O fato óbvio que poucos consideram é que toda grande aventura começa no primeiro passo para fora da zona de conforto. A essa mesma amiga daí de cima, por exemplo, confessei que em uma manhã de domingo em algum momento da pré-história anterior ao advento do telefone celular, consegui perder-me dentro do minúsculo parque Alfredo Volpi, no bairro do Morumbi, zona sul de São Paulo, a poucos metros de onde havia deixado o carro estacionado. Tudo porque quis dar uma volta fora das trilhas demarcadas e acabei me embrenhando pelo mato sem qualquer precaução de sinalizar o caminho. Claro que foi só pegar uma reta, pois sabia que em algum momento esbarraria com a grade que me levaria até a saída, e ninguém precisaria ficar sabendo, certo?

Parque Alfredo Volpi, no bairro do Morumbi, em São Paulo - Maria do Carmo - 26.ago.10/Folhapress

Errado. Qual é a graça de viver uma aventura sem contá-la às gargalhadas aos amigos? Mico a gente paga em boa companhia.

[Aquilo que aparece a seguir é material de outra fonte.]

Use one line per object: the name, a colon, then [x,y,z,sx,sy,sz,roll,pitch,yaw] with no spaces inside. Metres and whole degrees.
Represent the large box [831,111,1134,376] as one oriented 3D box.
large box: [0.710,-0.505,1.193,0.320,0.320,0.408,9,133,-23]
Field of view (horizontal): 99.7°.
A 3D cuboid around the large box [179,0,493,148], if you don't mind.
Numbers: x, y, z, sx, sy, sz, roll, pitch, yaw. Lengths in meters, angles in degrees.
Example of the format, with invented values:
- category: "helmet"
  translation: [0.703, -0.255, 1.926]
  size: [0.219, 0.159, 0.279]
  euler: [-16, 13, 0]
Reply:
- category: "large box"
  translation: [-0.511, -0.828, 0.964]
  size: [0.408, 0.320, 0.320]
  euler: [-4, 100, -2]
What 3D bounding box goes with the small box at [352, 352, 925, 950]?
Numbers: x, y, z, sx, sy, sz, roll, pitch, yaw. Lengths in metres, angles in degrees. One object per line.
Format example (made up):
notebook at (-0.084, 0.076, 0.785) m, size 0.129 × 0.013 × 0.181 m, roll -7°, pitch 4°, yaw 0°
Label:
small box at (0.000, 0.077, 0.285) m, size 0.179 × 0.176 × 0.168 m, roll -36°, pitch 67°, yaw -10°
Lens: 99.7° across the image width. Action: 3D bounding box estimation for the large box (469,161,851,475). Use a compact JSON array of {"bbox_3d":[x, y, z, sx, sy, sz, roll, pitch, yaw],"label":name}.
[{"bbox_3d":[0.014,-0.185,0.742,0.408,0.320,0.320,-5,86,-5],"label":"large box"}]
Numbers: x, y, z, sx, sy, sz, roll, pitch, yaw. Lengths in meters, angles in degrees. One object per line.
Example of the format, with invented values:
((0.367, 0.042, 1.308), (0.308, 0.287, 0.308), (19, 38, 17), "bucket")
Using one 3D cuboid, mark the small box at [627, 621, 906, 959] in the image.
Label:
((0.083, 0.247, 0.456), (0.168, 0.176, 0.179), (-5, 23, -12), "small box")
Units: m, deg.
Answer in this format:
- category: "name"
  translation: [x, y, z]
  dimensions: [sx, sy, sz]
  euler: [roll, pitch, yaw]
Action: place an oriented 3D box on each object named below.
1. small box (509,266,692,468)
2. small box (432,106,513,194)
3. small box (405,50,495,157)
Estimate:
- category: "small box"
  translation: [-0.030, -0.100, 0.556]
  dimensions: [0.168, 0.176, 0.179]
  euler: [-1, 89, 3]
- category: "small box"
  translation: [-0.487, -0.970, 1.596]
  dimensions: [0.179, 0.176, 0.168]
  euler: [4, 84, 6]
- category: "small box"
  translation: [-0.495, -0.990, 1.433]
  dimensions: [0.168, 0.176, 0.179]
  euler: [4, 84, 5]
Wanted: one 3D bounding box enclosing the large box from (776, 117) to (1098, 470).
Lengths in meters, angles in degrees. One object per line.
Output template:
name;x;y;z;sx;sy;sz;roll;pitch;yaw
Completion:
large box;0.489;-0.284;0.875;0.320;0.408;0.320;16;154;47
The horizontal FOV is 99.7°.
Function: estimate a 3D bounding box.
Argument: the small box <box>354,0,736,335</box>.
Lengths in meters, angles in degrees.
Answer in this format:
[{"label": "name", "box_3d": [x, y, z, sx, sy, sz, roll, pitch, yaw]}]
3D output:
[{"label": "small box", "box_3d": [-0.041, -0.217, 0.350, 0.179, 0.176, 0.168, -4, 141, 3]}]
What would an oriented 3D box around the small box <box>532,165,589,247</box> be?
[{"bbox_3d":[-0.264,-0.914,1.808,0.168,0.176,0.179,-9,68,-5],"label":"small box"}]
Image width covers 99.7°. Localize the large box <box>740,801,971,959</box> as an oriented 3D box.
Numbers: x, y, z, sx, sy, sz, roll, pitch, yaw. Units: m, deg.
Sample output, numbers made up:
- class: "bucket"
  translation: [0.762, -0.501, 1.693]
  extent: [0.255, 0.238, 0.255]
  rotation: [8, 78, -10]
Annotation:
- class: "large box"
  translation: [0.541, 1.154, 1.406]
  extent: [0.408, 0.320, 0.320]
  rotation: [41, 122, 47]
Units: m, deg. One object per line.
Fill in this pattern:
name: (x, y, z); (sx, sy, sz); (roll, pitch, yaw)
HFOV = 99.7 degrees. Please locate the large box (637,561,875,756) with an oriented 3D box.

Esta sem-noção que se perdeu num pequeno cercado de matinhos é a mesma que fez a Trilha Inca, de Cusco a Machu Pichu, que percorreu metade do Caminho de Santiago, que subiu ao monte Roraima, e que é, acima de tudo, apaixonada pela floresta amazônica. Floresta, aliás, que recomenda e volta a recomendar como a melhor opção de turismo a todo amigo estrangeiro que pergunta o que não deixar de fazer quando visitando o Brasil (para os nativos, eu até recomendo também, mas convenhamos que as tarifas aéreas não ajudam). Quem nunca dormiu (ou tentou dormir) numa rede sob uma lona presa nas árvores, enquanto os bugios berram ensandecidos e incomodados com sua presença e todos os mosquitos do planeta vêm conferir que gosto tem o sangue daquela carne fresca embrulhada precariamente num mosquiteiro, não sabe o que é ser parte da natureza. E ter histórias para contar.

Lona cobre a área que abrigará as redes para pernoite na mata
Lona cobre a área que abrigará as redes para pernoite na floresta amazônica - Luiza Pastor/Arquivo pessoal

O que é importante entender é que o esporte de aventuras pode ser para todos desde que se dê uma oportunidade àquele tênis confortável guardado no fundo do armário. Que as aventuras não precisam ser extremas, podem começar no bosquezinho mais próximo, naquele parque aonde você não vai há anos, embora fique a poucos quarteirões de sua casa. E, aos que deram esse monte de desculpas aí acima, o que sempre respondo é: guarde um tempo para você em meio à loucura do dia a dia, mesmo que alguns pratos se amontoem na pia e a vassoura grite sua indignação ao ser deixada de lado. Diga à família que foi ali e já volta, eles vão sobreviver a sua ausência. Faça de conta que está estudando botânica respirando em meio ao verde de sua pequena aventura. E vá aos poucos vendo como o fôlego aumenta, como suas pernas pedem para ir mais longe, como é bom respirar um pouco de ar puro e como é bom, tão bom, sonhar com o próximo objetivo, seja ele o Everest ou o pico do Jaraguá. Vai por mim, como já avisava o poeta Fernando Pessoa, "tudo vale a pena quando a alma não é pequena". E é na alma que vão se depositar suas mais divertidas conquistas e seus piores perrengues. Bora lá?